═══ Task inputs ═══

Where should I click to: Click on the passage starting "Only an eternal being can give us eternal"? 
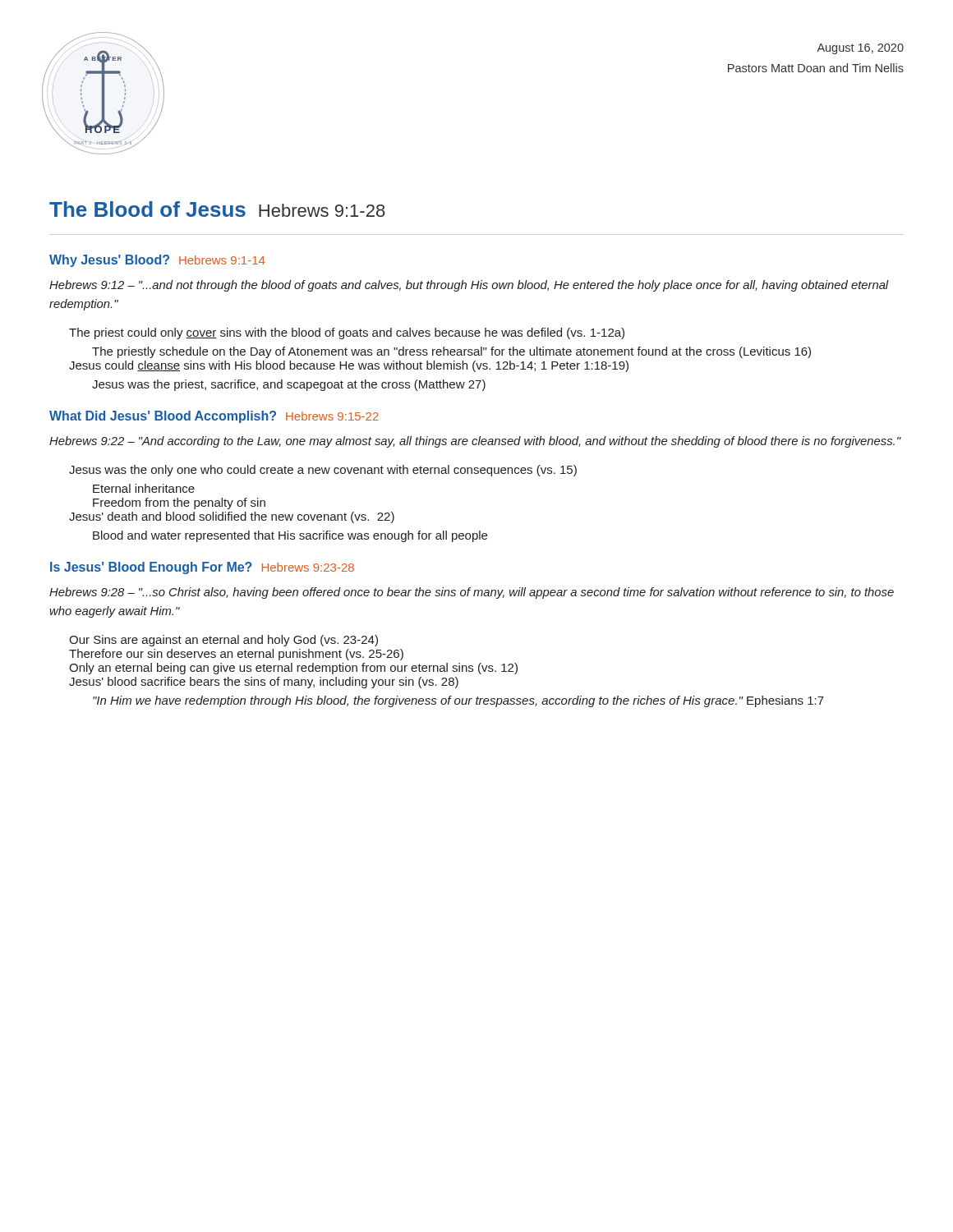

═══
═══ Task inputs ═══

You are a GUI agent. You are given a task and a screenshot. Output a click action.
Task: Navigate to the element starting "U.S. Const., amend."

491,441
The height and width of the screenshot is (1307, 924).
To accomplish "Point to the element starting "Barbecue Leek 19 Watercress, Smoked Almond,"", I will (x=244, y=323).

═══
═══ Task inputs ═══

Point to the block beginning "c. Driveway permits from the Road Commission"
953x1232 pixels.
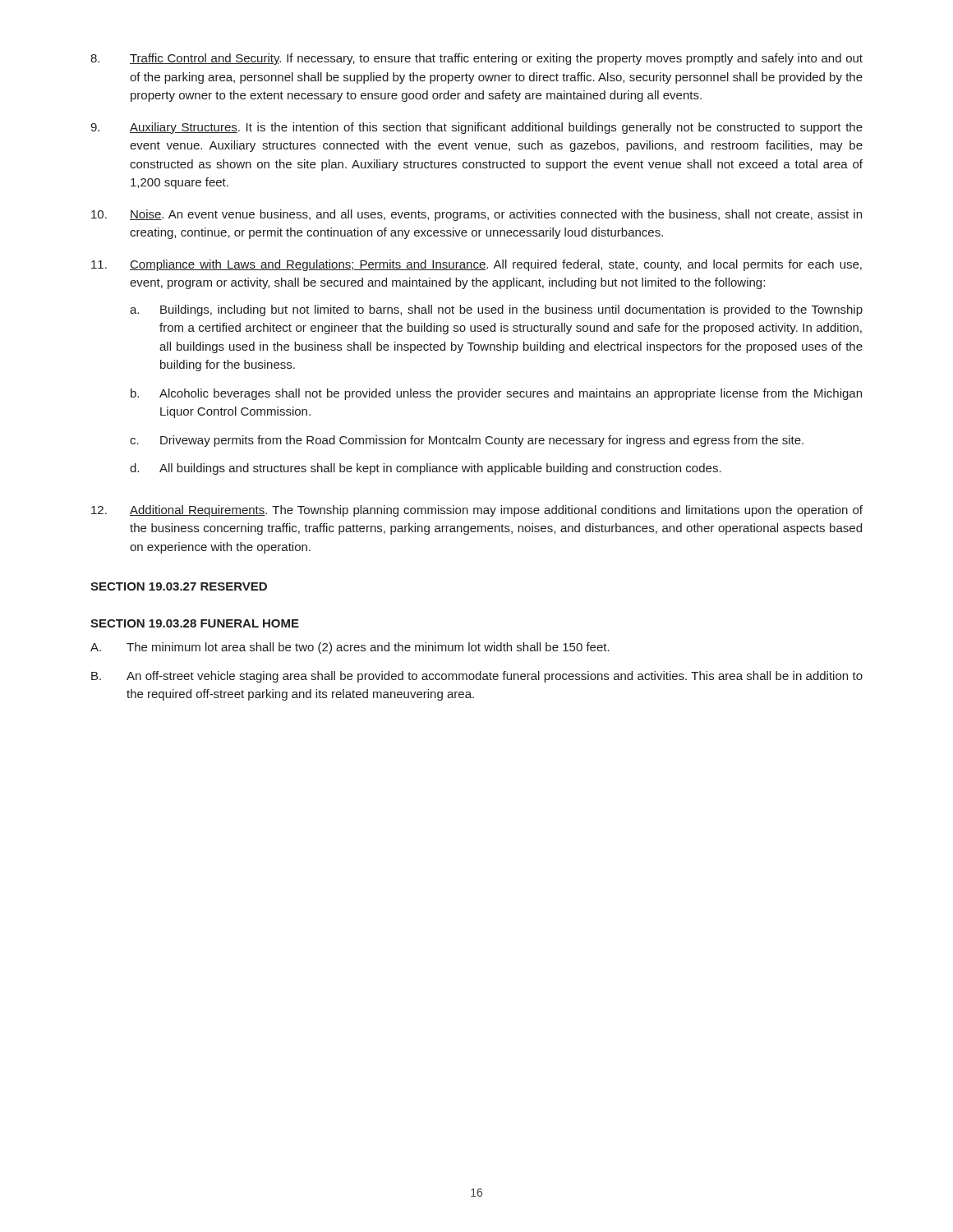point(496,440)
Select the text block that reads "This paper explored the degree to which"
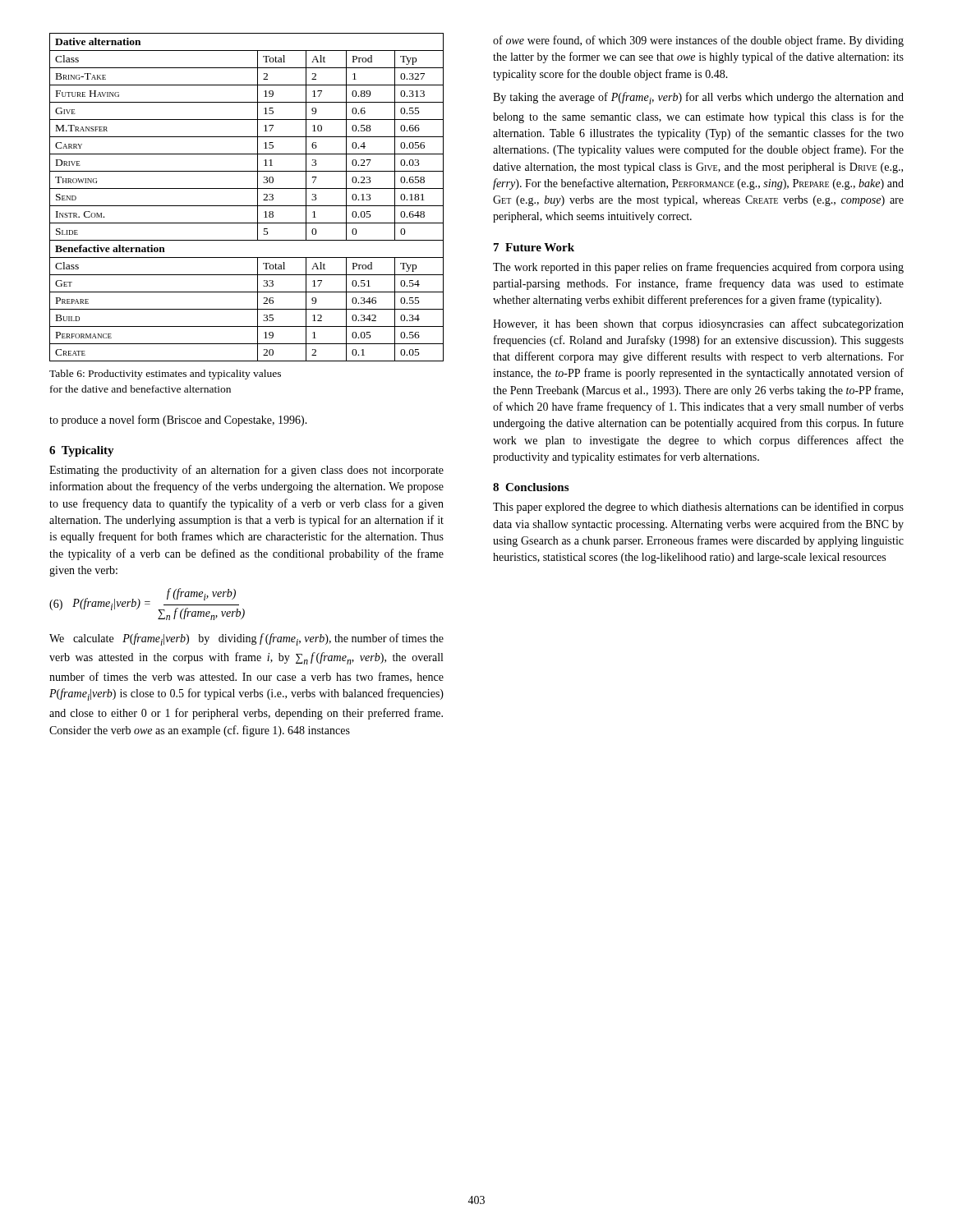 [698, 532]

═══

Work instructions
Pull every line with the string "screenshot" out of the material.

Task answer
You are a GUI agent. You are given a task and a screenshot. Output a click action.
The height and width of the screenshot is (1307, 924).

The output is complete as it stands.